(Dataset entries)
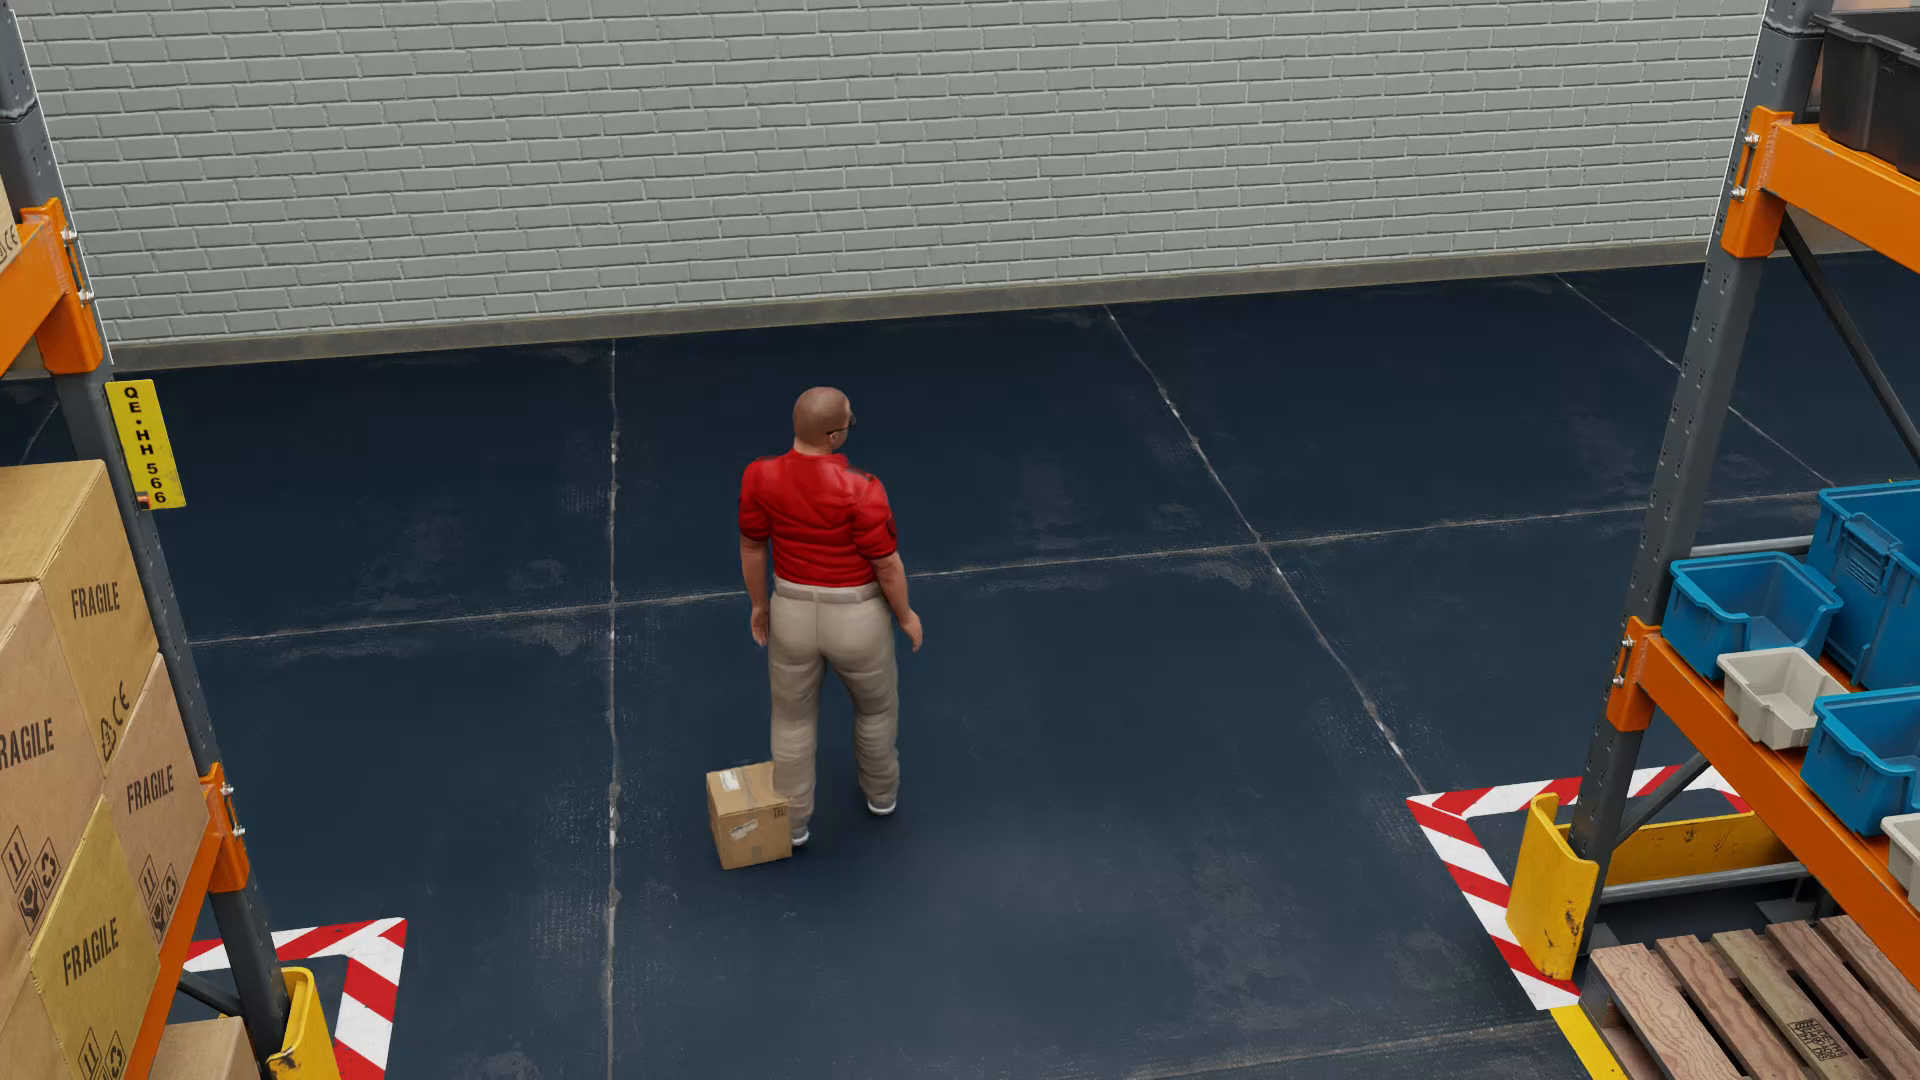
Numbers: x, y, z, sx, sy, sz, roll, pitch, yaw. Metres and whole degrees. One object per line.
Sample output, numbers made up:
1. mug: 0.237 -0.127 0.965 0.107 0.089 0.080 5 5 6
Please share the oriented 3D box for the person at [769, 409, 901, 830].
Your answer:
1. person: -0.438 0.281 5.637 0.431 1.577 0.386 7 31 11
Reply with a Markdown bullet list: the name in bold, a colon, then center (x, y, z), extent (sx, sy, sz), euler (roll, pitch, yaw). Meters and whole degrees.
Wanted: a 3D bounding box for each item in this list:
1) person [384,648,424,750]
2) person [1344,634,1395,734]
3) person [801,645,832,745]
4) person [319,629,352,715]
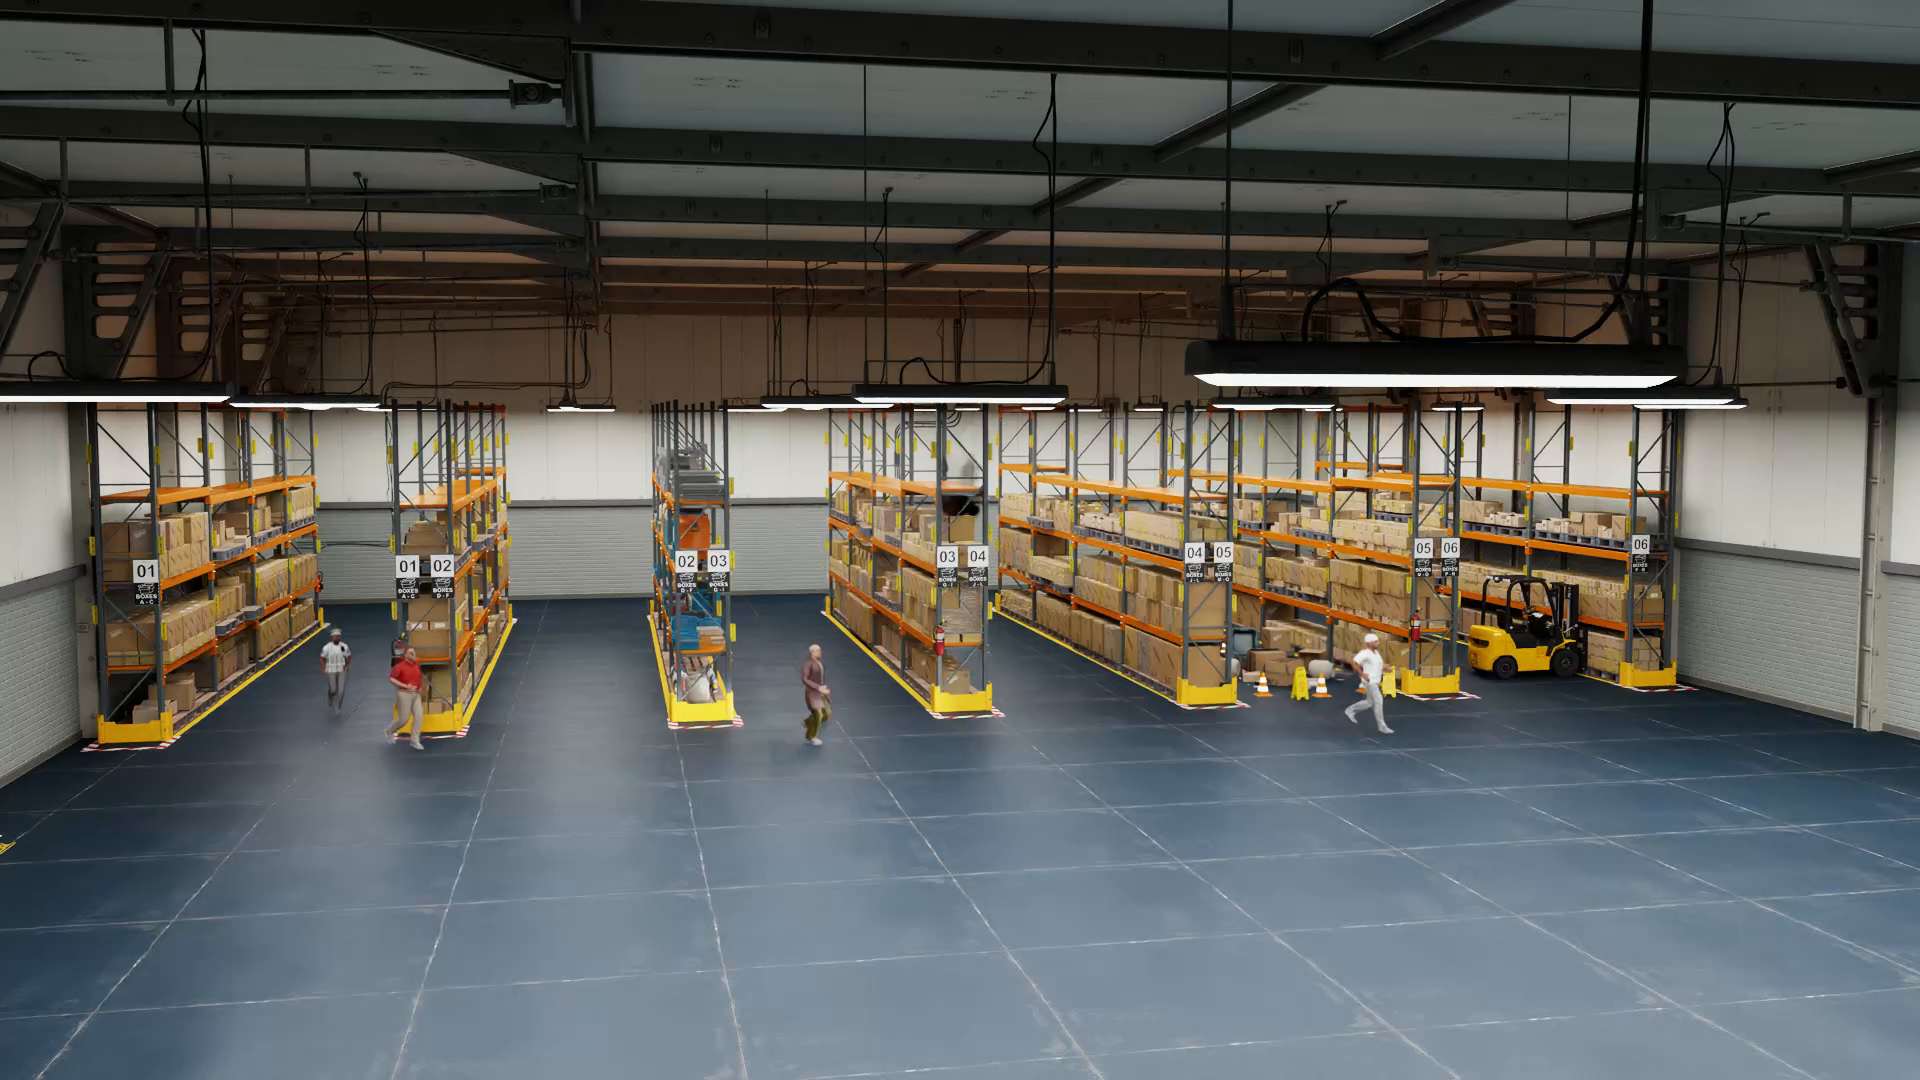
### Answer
- **person**: center (-9.515, 2.723, 28.671), extent (0.806, 1.743, 0.685), euler (2, 5, 29)
- **person**: center (7.407, 2.577, 30.031), extent (0.968, 1.773, 0.700), euler (3, 5, 31)
- **person**: center (-2.510, 2.679, 28.911), extent (0.651, 1.736, 0.748), euler (2, 5, 23)
- **person**: center (-11.900, 2.507, 31.745), extent (0.574, 1.649, 0.561), euler (-2, 5, -27)
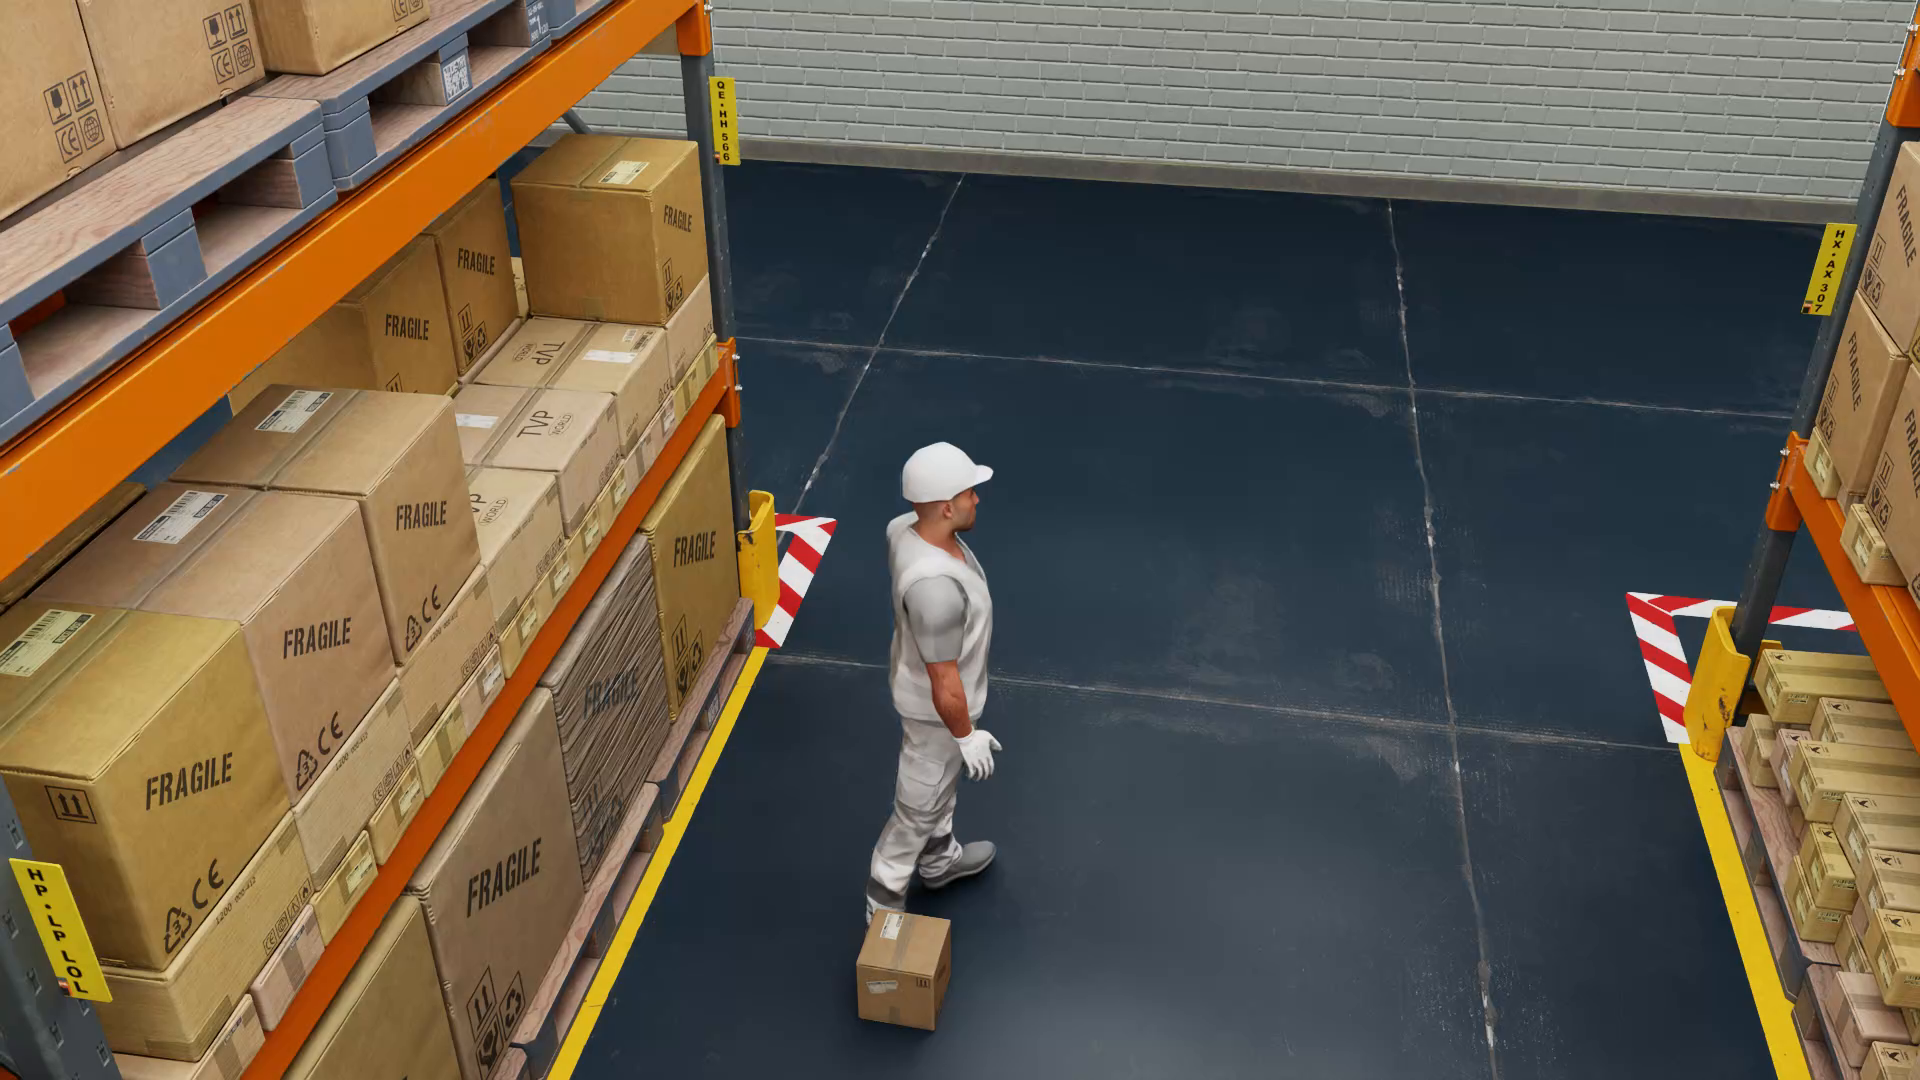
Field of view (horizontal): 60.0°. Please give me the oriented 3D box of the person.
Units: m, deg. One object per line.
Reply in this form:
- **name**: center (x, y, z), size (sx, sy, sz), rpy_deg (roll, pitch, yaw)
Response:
- **person**: center (-0.091, 0.528, 5.251), size (0.472, 1.789, 0.671), rpy_deg (-2, 32, -3)

ASSIGNMENT. For the string "Please", count the lines of the entries above that include it; answer with the number only.

RESPONSE BOX. 2